◆ Required action ◆
Write out word for word each line of the records, beginning at the first and stopping after the line with "msp.add_lwpolyline(points, close=True, dxfattribs=at)". Leave the pictures out.

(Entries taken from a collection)
◇ ◇ ◇ ◇ ◇
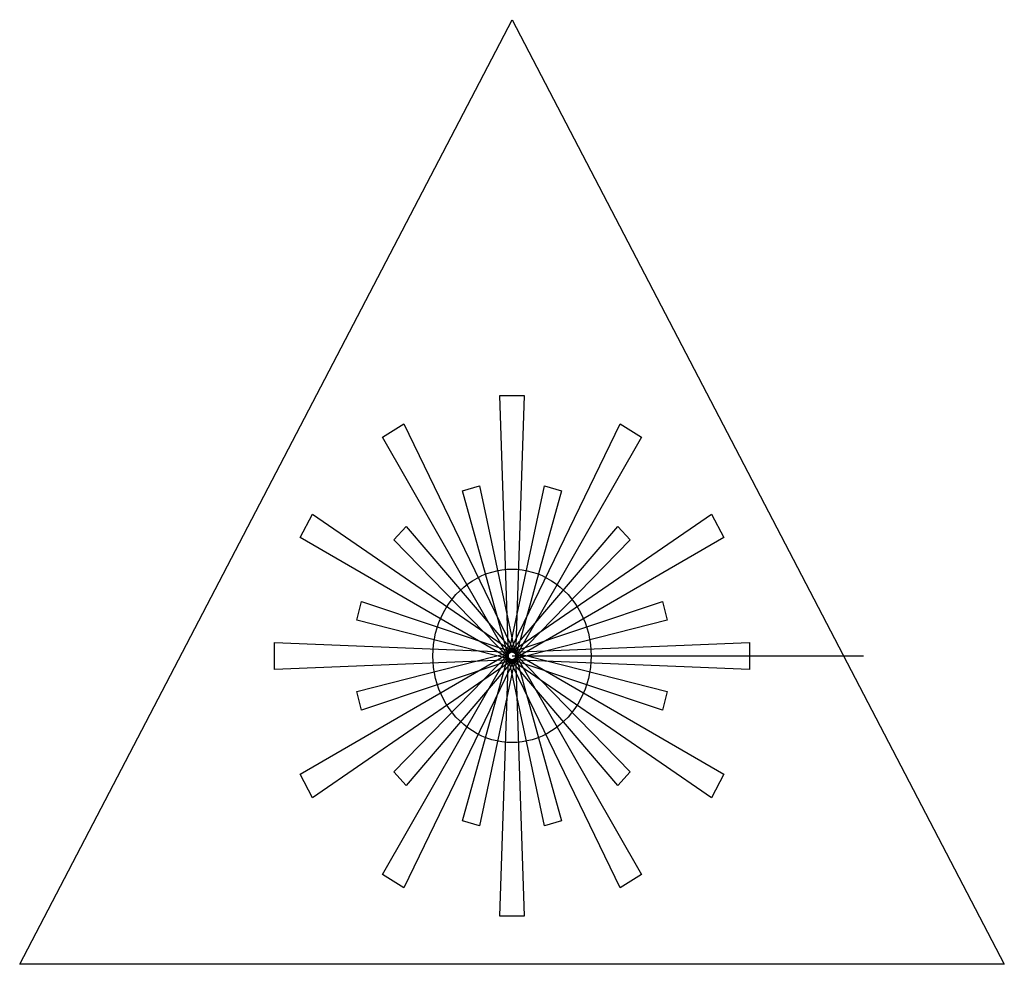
# Model space of a CAD drawing. Extents: x 100 to 228, y 475 to 599.
import ezdxf

# ---------------------------------------------------------------- set-up
doc = ezdxf.new("R2010")
doc.units = 0
doc.layers.add('Layer_1', color=7, linetype='CONTINUOUS')

msp = doc.modelspace()

# ---------------------------------------------------------------- linework, layer by layer
at = {"layer": 'Layer_1', "color": 7}
for points in [[(163.928591, 598.559452), (228.320417, 475.013498), (99.536764, 475.013498)], [(174.277277, 515.355034)]]:
    msp.add_lwpolyline(points, close=True, dxfattribs=at)
for points in [[(163.468649, 515.355034), (162.318795, 549.393205), (165.538386, 549.393205), (164.388532, 515.355034)], [(163.53027, 515.102899), (147.011437, 543.950484), (149.799685, 545.715426), (164.326912, 515.607169)], [(163.53027, 515.607169), (178.057497, 545.715426), (180.845745, 543.950484), (164.326912, 515.102899)], [(163.484321, 515.22452), (157.461042, 536.947647), (159.68239, 537.600219), (164.37286, 515.485549)], [(163.484321, 515.485549), (168.174791, 537.600219), (170.396139, 536.947647), (164.37286, 515.22452)], [(163.69862, 514.918324), (136.237016, 530.845634), (137.846812, 533.902604), (164.158561, 515.791744)], [(163.69862, 515.791744), (190.01037, 533.902604), (191.620165, 530.845634), (164.158561, 514.918324)], [(163.603363, 514.998462), (148.480268, 530.509351), (150.106407, 532.292212), (164.253819, 515.711606)], [(163.603363, 515.711606), (177.750774, 532.292212), (179.376913, 530.509351), (164.253819, 514.998462)], [(163.809549, 514.867947), (143.63886, 520.010469), (144.234068, 522.445902), (164.047632, 515.842121)], [(163.809549, 515.842121), (183.623114, 522.445902), (184.218322, 520.010468), (164.047632, 514.867947)], [(163.928591, 514.850765), (132.882531, 513.590092), (132.882531, 517.119976), (163.928591, 515.859303)], [(163.928591, 515.859303), (194.97465, 517.119976), (194.97465, 513.590092), (163.928591, 514.850765)], [(164.158561, 514.918324), (137.846812, 496.807464), (136.237016, 499.864434), (163.69862, 515.791744)], [(164.047632, 514.867947), (144.234067, 508.264166), (143.638859, 510.6996), (163.809549, 515.842121)], [(164.326912, 515.102899), (149.799685, 484.994642), (147.011437, 486.759585), (163.53027, 515.607169)], [(164.253819, 514.998462), (150.106407, 498.417856), (148.480268, 500.200717), (163.603363, 515.711606)], [(164.37286, 515.22452), (159.68239, 493.109849), (157.461043, 493.762421), (163.484321, 515.485549)], [(164.388532, 515.355034), (165.538386, 481.316863), (162.318795, 481.316863), (163.468649, 515.355034)], [(164.37286, 515.485549), (170.396139, 493.762421), (168.174791, 493.109849), (163.484321, 515.22452)], [(164.326912, 515.607169), (180.845745, 486.759585), (178.057497, 484.994642), (163.53027, 515.102899)], [(164.253819, 515.711606), (179.376913, 500.200717), (177.750774, 498.417856), (163.603363, 514.998462)], [(164.158561, 515.791744), (191.620165, 499.864434), (190.01037, 496.807464), (163.69862, 514.918324)], [(164.047632, 515.842121), (184.218322, 510.699599), (183.623114, 508.264166), (163.809549, 514.867947)], [(163.928591, 515.355034), (209.922753, 515.355034)]]:
    msp.add_lwpolyline(points, dxfattribs=at)
for points in [[(158.754247, 525.181008), (161.956142, 527.207786), (165.901039, 527.207786), (169.102934, 525.181008)], [(153.579904, 515.355034), (153.579904, 519.40859), (155.552353, 523.15423), (158.754247, 525.181008)], [(169.102934, 525.181008), (172.304829, 523.15423), (174.277277, 519.40859), (174.277277, 515.355034)], [(158.754247, 505.52906), (155.552353, 507.555838), (153.579904, 511.301478), (153.579904, 515.355034)], [(174.277277, 515.355034), (174.277277, 511.301478), (172.304829, 507.555838), (169.102934, 505.52906)], [(169.102934, 505.52906), (165.901039, 503.502282), (161.956142, 503.502282), (158.754247, 505.52906)]]:
    msp.add_open_spline(points, degree=3, dxfattribs=at)

doc.saveas('drawing.dxf')
◇ ◇ ◇ ◇ ◇
◆ Result below ◆
# Model space of a CAD drawing. Extents: x 100 to 228, y 475 to 599.
import ezdxf

# ---------------------------------------------------------------- set-up
doc = ezdxf.new("R2010")
doc.units = 0
doc.layers.add('Layer_1', color=7, linetype='CONTINUOUS')

msp = doc.modelspace()

# ---------------------------------------------------------------- linework, layer by layer
at = {"layer": 'Layer_1', "color": 7}
for points in [[(163.928591, 598.559452), (228.320417, 475.013498), (99.536764, 475.013498)], [(174.277277, 515.355034)]]:
    msp.add_lwpolyline(points, close=True, dxfattribs=at)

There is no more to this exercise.